Il réclame également «l’accès universel, rapide et équitable de tous les produits […] nécessaires à la riposte contre la pandémie», et souligne le rôle d’une «vaccination à grande échelle contre la COVID-19, en tant que bien public mondial, pour prévenir, endiguer et éliminer la transmission afin de mettre un terme à la pandémie».    

«Un accord informel a été marqué pour adopter la résolution par consensus. Ce sera un résultat important parce que l’OMS sera le premier forum mondial à se retrouver de manière unanime sur un texte», a indiqué une source diplomatique européenne. Selon cette source, même les questions «difficiles» y sont abordées, y compris l’origine du virus et la réforme de l’OMS, réclamée à grands cris par les États-Unis.    

«Aucun sujet n’a été évité» dans la résolution, qu’il s’agisse notamment de «continuer à réformer l’OMS et notamment ses capacités qui se sont révélées insuffisantes pour prévenir une crise de cette ampleur», a assuré la même source européenne à l’AFP.    

«J’espère que nous pourrons nous joindre au consensus», a déclaré vendredi l’ambassadeur américain à l’ONU à Genève, Andrew Bremberg.    

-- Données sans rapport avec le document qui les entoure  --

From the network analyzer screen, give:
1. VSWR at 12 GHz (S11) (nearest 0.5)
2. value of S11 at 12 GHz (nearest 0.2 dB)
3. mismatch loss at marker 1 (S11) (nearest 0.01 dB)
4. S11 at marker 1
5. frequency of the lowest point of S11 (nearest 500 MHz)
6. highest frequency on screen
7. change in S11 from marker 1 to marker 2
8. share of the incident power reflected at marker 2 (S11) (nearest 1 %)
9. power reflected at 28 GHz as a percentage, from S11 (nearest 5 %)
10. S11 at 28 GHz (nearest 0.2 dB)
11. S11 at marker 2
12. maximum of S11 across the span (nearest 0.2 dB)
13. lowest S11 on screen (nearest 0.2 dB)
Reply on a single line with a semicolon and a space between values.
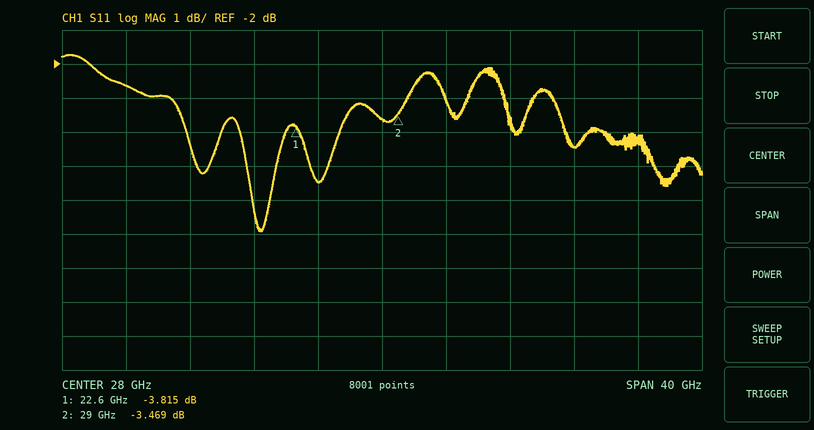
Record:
6.5; -2.6 dB; 2.33 dB; -3.815 dB; 20.5 GHz; 48 GHz; 0.346 dB; 45 %; 45 %; -3.6 dB; -3.469 dB; -1.8 dB; -7.0 dB
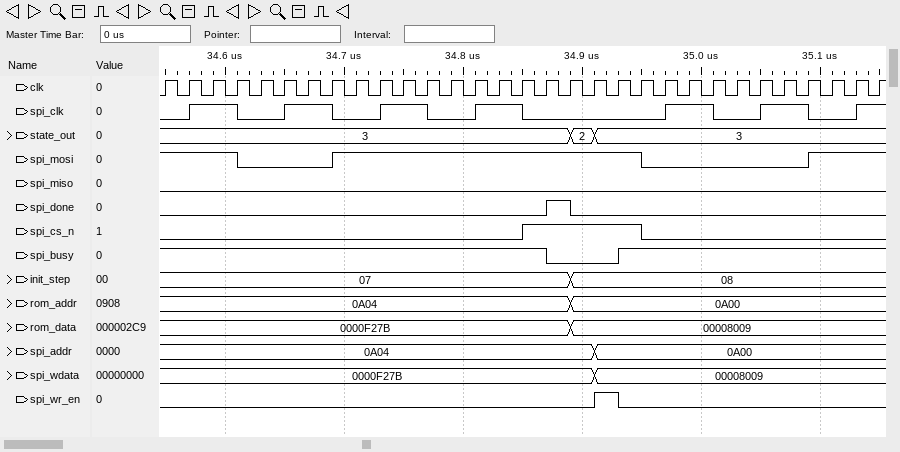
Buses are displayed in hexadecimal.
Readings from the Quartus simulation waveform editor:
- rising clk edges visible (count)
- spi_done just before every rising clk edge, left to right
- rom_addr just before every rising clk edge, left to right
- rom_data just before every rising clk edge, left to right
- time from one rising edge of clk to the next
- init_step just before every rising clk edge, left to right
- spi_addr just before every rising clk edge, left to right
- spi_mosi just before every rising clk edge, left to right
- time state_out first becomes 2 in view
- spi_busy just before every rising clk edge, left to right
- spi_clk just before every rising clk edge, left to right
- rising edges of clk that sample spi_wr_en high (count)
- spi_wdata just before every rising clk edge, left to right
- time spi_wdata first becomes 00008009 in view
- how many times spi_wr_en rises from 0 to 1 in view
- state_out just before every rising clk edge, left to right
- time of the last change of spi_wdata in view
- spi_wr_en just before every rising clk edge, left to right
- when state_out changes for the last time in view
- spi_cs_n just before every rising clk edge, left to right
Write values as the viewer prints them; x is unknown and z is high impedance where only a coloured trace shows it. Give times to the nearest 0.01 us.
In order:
31
0 0 0 0 0 0 0 0 0 0 0 0 0 0 0 0 0 1 0 0 0 0 0 0 0 0 0 0 0 0 0
0A04, 0A04, 0A04, 0A04, 0A04, 0A04, 0A04, 0A04, 0A04, 0A04, 0A04, 0A04, 0A04, 0A04, 0A04, 0A04, 0A04, 0A04, 0A00, 0A00, 0A00, 0A00, 0A00, 0A00, 0A00, 0A00, 0A00, 0A00, 0A00, 0A00, 0A00
0000F27B, 0000F27B, 0000F27B, 0000F27B, 0000F27B, 0000F27B, 0000F27B, 0000F27B, 0000F27B, 0000F27B, 0000F27B, 0000F27B, 0000F27B, 0000F27B, 0000F27B, 0000F27B, 0000F27B, 0000F27B, 00008009, 00008009, 00008009, 00008009, 00008009, 00008009, 00008009, 00008009, 00008009, 00008009, 00008009, 00008009, 00008009
0.02 us
07, 07, 07, 07, 07, 07, 07, 07, 07, 07, 07, 07, 07, 07, 07, 07, 07, 07, 08, 08, 08, 08, 08, 08, 08, 08, 08, 08, 08, 08, 08
0A04, 0A04, 0A04, 0A04, 0A04, 0A04, 0A04, 0A04, 0A04, 0A04, 0A04, 0A04, 0A04, 0A04, 0A04, 0A04, 0A04, 0A04, 0A04, 0A00, 0A00, 0A00, 0A00, 0A00, 0A00, 0A00, 0A00, 0A00, 0A00, 0A00, 0A00
1 1 1 1 0 0 0 0 1 1 1 1 1 1 1 1 1 1 1 1 1 0 0 0 0 0 0 0 1 1 1
34.89 us
1 1 1 1 1 1 1 1 1 1 1 1 1 1 1 1 1 0 0 0 1 1 1 1 1 1 1 1 1 1 1
0 0 1 1 0 0 1 1 0 0 1 1 0 0 1 1 0 0 0 0 0 0 1 1 0 0 1 1 0 0 1
1
0000F27B, 0000F27B, 0000F27B, 0000F27B, 0000F27B, 0000F27B, 0000F27B, 0000F27B, 0000F27B, 0000F27B, 0000F27B, 0000F27B, 0000F27B, 0000F27B, 0000F27B, 0000F27B, 0000F27B, 0000F27B, 0000F27B, 00008009, 00008009, 00008009, 00008009, 00008009, 00008009, 00008009, 00008009, 00008009, 00008009, 00008009, 00008009
34.91 us
1
3, 3, 3, 3, 3, 3, 3, 3, 3, 3, 3, 3, 3, 3, 3, 3, 3, 3, 2, 3, 3, 3, 3, 3, 3, 3, 3, 3, 3, 3, 3
34.91 us
0 0 0 0 0 0 0 0 0 0 0 0 0 0 0 0 0 0 0 1 0 0 0 0 0 0 0 0 0 0 0
34.91 us
0 0 0 0 0 0 0 0 0 0 0 0 0 0 0 0 1 1 1 1 1 0 0 0 0 0 0 0 0 0 0
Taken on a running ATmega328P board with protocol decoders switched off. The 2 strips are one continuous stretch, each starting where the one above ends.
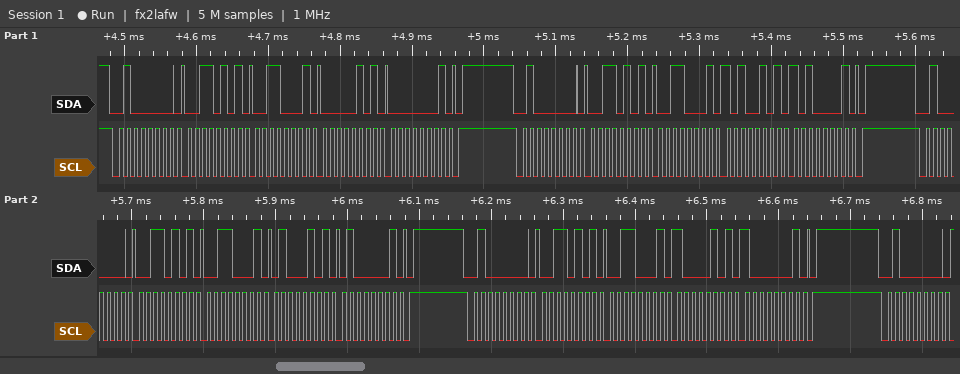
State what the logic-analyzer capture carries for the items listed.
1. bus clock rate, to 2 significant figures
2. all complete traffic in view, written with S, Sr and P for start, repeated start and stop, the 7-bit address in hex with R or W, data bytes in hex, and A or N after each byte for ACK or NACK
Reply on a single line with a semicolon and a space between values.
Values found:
100 kHz; S 20W A 35 A 31 A 05 A 01 A P S 20W A 35 A 31 A A5 A A1 A P S 20W A 35 A 31 A 45 A 41 A P S 20W A 35 A 31 A 85 A 81 A P S 20W A
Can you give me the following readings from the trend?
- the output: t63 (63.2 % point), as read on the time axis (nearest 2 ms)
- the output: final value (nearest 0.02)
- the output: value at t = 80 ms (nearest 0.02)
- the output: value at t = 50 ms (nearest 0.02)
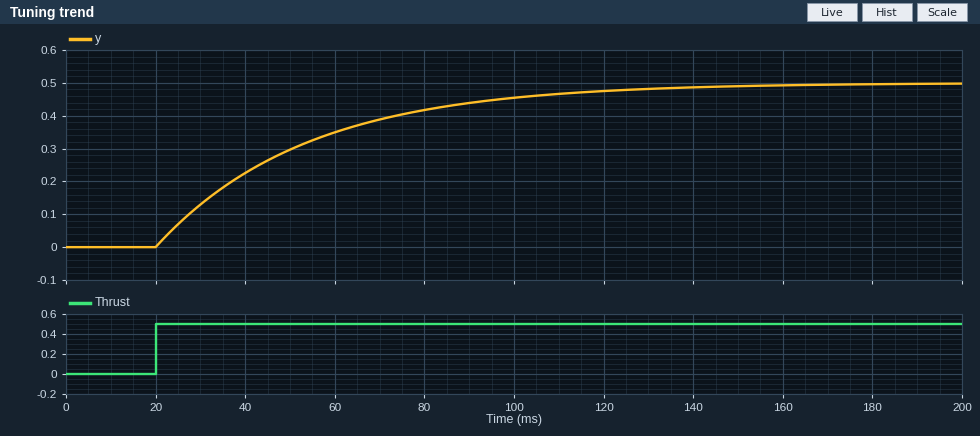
54 ms
0.50
0.42
0.30

Washington, qui accuse Pékin d’avoir dissimulé l’ampleur de l’épidémie, est engagé dans un bras de fer avec l’OMS, accusée par le président américain Donald Trump de s’être «plantée» dans la gestion de la pandémie en s’alignant sur la position chinoise. Il a dans la foulée suspendu la contribution américaine à l’OMS.    

Réforme institutionnelle, Taïwan, accès aux vaccins, envoi d’experts en Chine… Les sujets qui fâchent ne manquent pas, mais la question de l’origine du virus reste le point central de la guerre des mots sino-américaine. Les États-Unis réclament une enquête sur le sujet, tout comme l’Australie, et soupçonnent Pékin d’avoir caché un accident de laboratoire qui aurait été à l’origine de la pandémie.    

Washington accuse désormais la Chine de tenter de pirater la recherche américaine sur un vaccin, en pleine rivalité américano-européenne sur un futur vaccin. Et le président américain Donald Trump a menacé de «couper toute relation» avec Pékin.    

Parallèlement, le gouvernement américain estime que l’OMS a négligé une alerte précoce venue de Taïwan sur la gravité du coronavirus – ce que dément l’agence onusienne. Et les États-Unis, soutenus par certains pays, ont appelé l’OMS à «inviter Taïwan» à l’AMS, malgré l’opposition de la Chine.    

Or, après avoir bénéficié d’un statut d’observateur, Taïwan a été exclue de l’OMS en 2016, année de l’arrivée au pouvoir de Tsai Ing-wen. La présidente refuse de reconnaître le principe de l’unité de l’île et de la Chine continentale au sein d’un même pays.    

À Genève, l’OMS assure que c’est aux seuls États membres que revient la décision d’accepter ou pas Taïwan. Reste à savoir si un pays va appeler à un vote.    

S’il venait à y avoir un vote, cela «torpillerait» le fonctionnement même de l’assemblée en raison des problèmes logistiques qu’il poserait, a commenté une source diplomatique.